*** Begin section ***
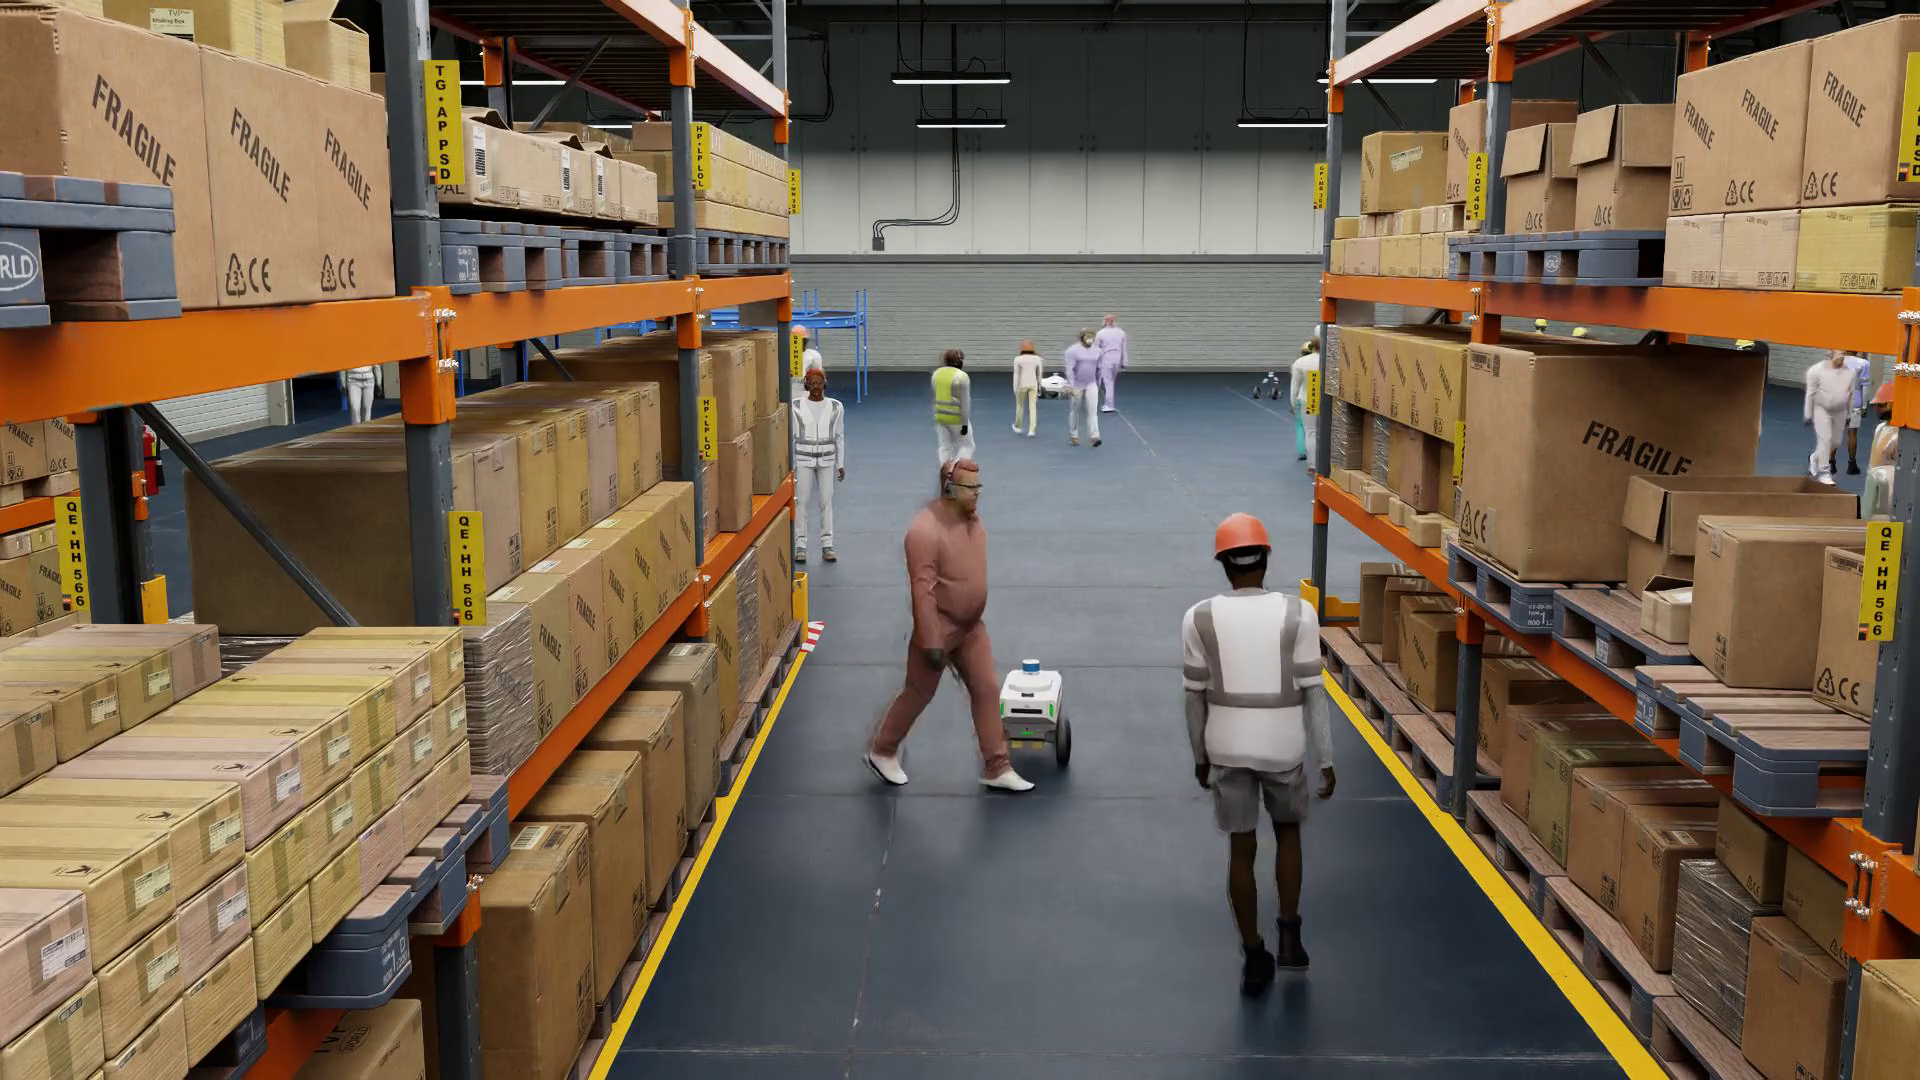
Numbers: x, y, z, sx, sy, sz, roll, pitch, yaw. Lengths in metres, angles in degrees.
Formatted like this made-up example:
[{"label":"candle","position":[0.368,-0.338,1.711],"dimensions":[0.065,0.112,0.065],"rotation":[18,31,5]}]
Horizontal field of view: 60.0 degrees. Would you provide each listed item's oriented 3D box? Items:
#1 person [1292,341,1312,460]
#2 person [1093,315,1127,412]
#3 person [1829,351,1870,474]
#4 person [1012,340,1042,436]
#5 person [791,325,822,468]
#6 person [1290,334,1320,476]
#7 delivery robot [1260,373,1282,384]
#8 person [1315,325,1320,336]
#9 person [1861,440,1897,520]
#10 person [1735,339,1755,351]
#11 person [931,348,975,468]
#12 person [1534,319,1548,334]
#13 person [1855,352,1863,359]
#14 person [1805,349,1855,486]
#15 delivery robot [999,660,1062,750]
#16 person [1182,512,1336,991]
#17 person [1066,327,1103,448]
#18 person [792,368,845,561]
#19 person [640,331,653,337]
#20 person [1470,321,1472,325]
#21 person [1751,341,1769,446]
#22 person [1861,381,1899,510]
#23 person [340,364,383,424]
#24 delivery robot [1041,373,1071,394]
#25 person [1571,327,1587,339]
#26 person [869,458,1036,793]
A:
[{"label":"person","position":[5.162,-2.067,24.614],"dimensions":[0.526,1.751,0.523],"rotation":[5,11,28]},{"label":"person","position":[2.867,-3.454,32.528],"dimensions":[0.685,1.862,0.809],"rotation":[-5,11,-26]},{"label":"person","position":[12.245,-1.883,22.961],"dimensions":[0.542,1.929,0.369],"rotation":[8,12,40]},{"label":"person","position":[1.118,-2.562,28.004],"dimensions":[0.530,1.588,0.829],"rotation":[-2,10,-14]},{"label":"person","position":[-2.259,-2.018,23.494],"dimensions":[0.631,2.027,0.491],"rotation":[4,10,23]},{"label":"person","position":[4.871,-1.875,22.980],"dimensions":[0.634,1.913,0.811],"rotation":[-1,9,-3]},{"label":"delivery robot","position":[6.668,-3.481,35.707],"dimensions":[0.335,0.223,0.698],"rotation":[6,12,34]},{"label":"person","position":[7.800,-3.982,35.611],"dimensions":[0.574,1.896,0.930],"rotation":[6,11,30]},{"label":"person","position":[7.059,-0.003,12.602],"dimensions":[0.528,1.614,0.611],"rotation":[3,10,15]},{"label":"person","position":[11.720,-2.167,24.947],"dimensions":[0.590,1.833,0.403],"rotation":[-5,11,-27]},{"label":"person","position":[-0.082,-1.511,21.058],"dimensions":[0.628,1.829,0.453],"rotation":[8,12,40]},{"label":"person","position":[11.891,-3.675,34.181],"dimensions":[0.315,1.769,0.525],"rotation":[-5,11,-27]},{"label":"person","position":[18.086,-3.561,33.861],"dimensions":[0.515,1.645,0.308],"rotation":[6,11,32]},{"label":"person","position":[11.461,-1.689,21.978],"dimensions":[0.645,1.877,0.788],"rotation":[-1,9,-4]},{"label":"delivery robot","position":[0.421,0.956,9.906],"dimensions":[0.477,0.478,0.707],"rotation":[1,10,6]},{"label":"person","position":[1.200,0.848,6.714],"dimensions":[0.621,1.889,0.529],"rotation":[2,10,14]},{"label":"person","position":[1.974,-2.405,26.222],"dimensions":[0.638,1.875,1.060],"rotation":[-2,10,-12]},{"label":"person","position":[-1.410,-0.739,16.241],"dimensions":[0.572,1.883,0.354],"rotation":[-2,10,-13]},{"label":"person","position":[-8.235,-5.411,43.887],"dimensions":[0.536,2.000,0.676],"rotation":[8,12,40]},{"label":"person","position":[11.688,-4.268,37.941],"dimensions":[0.347,1.695,0.562],"rotation":[-7,12,-37]},{"label":"person","position":[12.451,-2.453,26.194],"dimensions":[0.645,1.988,0.409],"rotation":[-6,11,-30]},{"label":"person","position":[7.744,-0.359,13.850],"dimensions":[0.474,1.922,0.552],"rotation":[1,10,9]},{"label":"person","position":[-9.532,-2.472,26.540],"dimensions":[0.609,1.917,0.849],"rotation":[-6,11,-31]},{"label":"delivery robot","position":[2.038,-3.330,35.579],"dimensions":[0.707,0.478,0.477],"rotation":[9,13,43]},{"label":"person","position":[11.060,-2.924,29.753],"dimensions":[0.416,1.747,0.522],"rotation":[8,12,40]},{"label":"person","position":[-0.080,0.460,9.152],"dimensions":[0.981,1.856,0.648],"rotation":[7,12,35]}]
*** End section ***
* [Exercise goal]: From the first line to the last, repeat the records exactly. Leave out the pictures.

* [Answer]:
Numbers: x, y, z, sx, sy, sz, roll, pitch, yaw. Lengths in metres, angles in degrees.
Formatted like this made-up example:
[{"label":"candle","position":[0.368,-0.338,1.711],"dimensions":[0.065,0.112,0.065],"rotation":[18,31,5]}]
Horizontal field of view: 60.0 degrees. Would you provide each listed item's oriented 3D box? Items:
#1 person [1292,341,1312,460]
#2 person [1093,315,1127,412]
#3 person [1829,351,1870,474]
#4 person [1012,340,1042,436]
#5 person [791,325,822,468]
#6 person [1290,334,1320,476]
#7 delivery robot [1260,373,1282,384]
#8 person [1315,325,1320,336]
#9 person [1861,440,1897,520]
#10 person [1735,339,1755,351]
#11 person [931,348,975,468]
#12 person [1534,319,1548,334]
#13 person [1855,352,1863,359]
#14 person [1805,349,1855,486]
#15 delivery robot [999,660,1062,750]
#16 person [1182,512,1336,991]
#17 person [1066,327,1103,448]
#18 person [792,368,845,561]
#19 person [640,331,653,337]
#20 person [1470,321,1472,325]
#21 person [1751,341,1769,446]
#22 person [1861,381,1899,510]
#23 person [340,364,383,424]
#24 delivery robot [1041,373,1071,394]
#25 person [1571,327,1587,339]
#26 person [869,458,1036,793]
A:
[{"label":"person","position":[5.162,-2.067,24.614],"dimensions":[0.526,1.751,0.523],"rotation":[5,11,28]},{"label":"person","position":[2.867,-3.454,32.528],"dimensions":[0.685,1.862,0.809],"rotation":[-5,11,-26]},{"label":"person","position":[12.245,-1.883,22.961],"dimensions":[0.542,1.929,0.369],"rotation":[8,12,40]},{"label":"person","position":[1.118,-2.562,28.004],"dimensions":[0.530,1.588,0.829],"rotation":[-2,10,-14]},{"label":"person","position":[-2.259,-2.018,23.494],"dimensions":[0.631,2.027,0.491],"rotation":[4,10,23]},{"label":"person","position":[4.871,-1.875,22.980],"dimensions":[0.634,1.913,0.811],"rotation":[-1,9,-3]},{"label":"delivery robot","position":[6.668,-3.481,35.707],"dimensions":[0.335,0.223,0.698],"rotation":[6,12,34]},{"label":"person","position":[7.800,-3.982,35.611],"dimensions":[0.574,1.896,0.930],"rotation":[6,11,30]},{"label":"person","position":[7.059,-0.003,12.602],"dimensions":[0.528,1.614,0.611],"rotation":[3,10,15]},{"label":"person","position":[11.720,-2.167,24.947],"dimensions":[0.590,1.833,0.403],"rotation":[-5,11,-27]},{"label":"person","position":[-0.082,-1.511,21.058],"dimensions":[0.628,1.829,0.453],"rotation":[8,12,40]},{"label":"person","position":[11.891,-3.675,34.181],"dimensions":[0.315,1.769,0.525],"rotation":[-5,11,-27]},{"label":"person","position":[18.086,-3.561,33.861],"dimensions":[0.515,1.645,0.308],"rotation":[6,11,32]},{"label":"person","position":[11.461,-1.689,21.978],"dimensions":[0.645,1.877,0.788],"rotation":[-1,9,-4]},{"label":"delivery robot","position":[0.421,0.956,9.906],"dimensions":[0.477,0.478,0.707],"rotation":[1,10,6]},{"label":"person","position":[1.200,0.848,6.714],"dimensions":[0.621,1.889,0.529],"rotation":[2,10,14]},{"label":"person","position":[1.974,-2.405,26.222],"dimensions":[0.638,1.875,1.060],"rotation":[-2,10,-12]},{"label":"person","position":[-1.410,-0.739,16.241],"dimensions":[0.572,1.883,0.354],"rotation":[-2,10,-13]},{"label":"person","position":[-8.235,-5.411,43.887],"dimensions":[0.536,2.000,0.676],"rotation":[8,12,40]},{"label":"person","position":[11.688,-4.268,37.941],"dimensions":[0.347,1.695,0.562],"rotation":[-7,12,-37]},{"label":"person","position":[12.451,-2.453,26.194],"dimensions":[0.645,1.988,0.409],"rotation":[-6,11,-30]},{"label":"person","position":[7.744,-0.359,13.850],"dimensions":[0.474,1.922,0.552],"rotation":[1,10,9]},{"label":"person","position":[-9.532,-2.472,26.540],"dimensions":[0.609,1.917,0.849],"rotation":[-6,11,-31]},{"label":"delivery robot","position":[2.038,-3.330,35.579],"dimensions":[0.707,0.478,0.477],"rotation":[9,13,43]},{"label":"person","position":[11.060,-2.924,29.753],"dimensions":[0.416,1.747,0.522],"rotation":[8,12,40]},{"label":"person","position":[-0.080,0.460,9.152],"dimensions":[0.981,1.856,0.648],"rotation":[7,12,35]}]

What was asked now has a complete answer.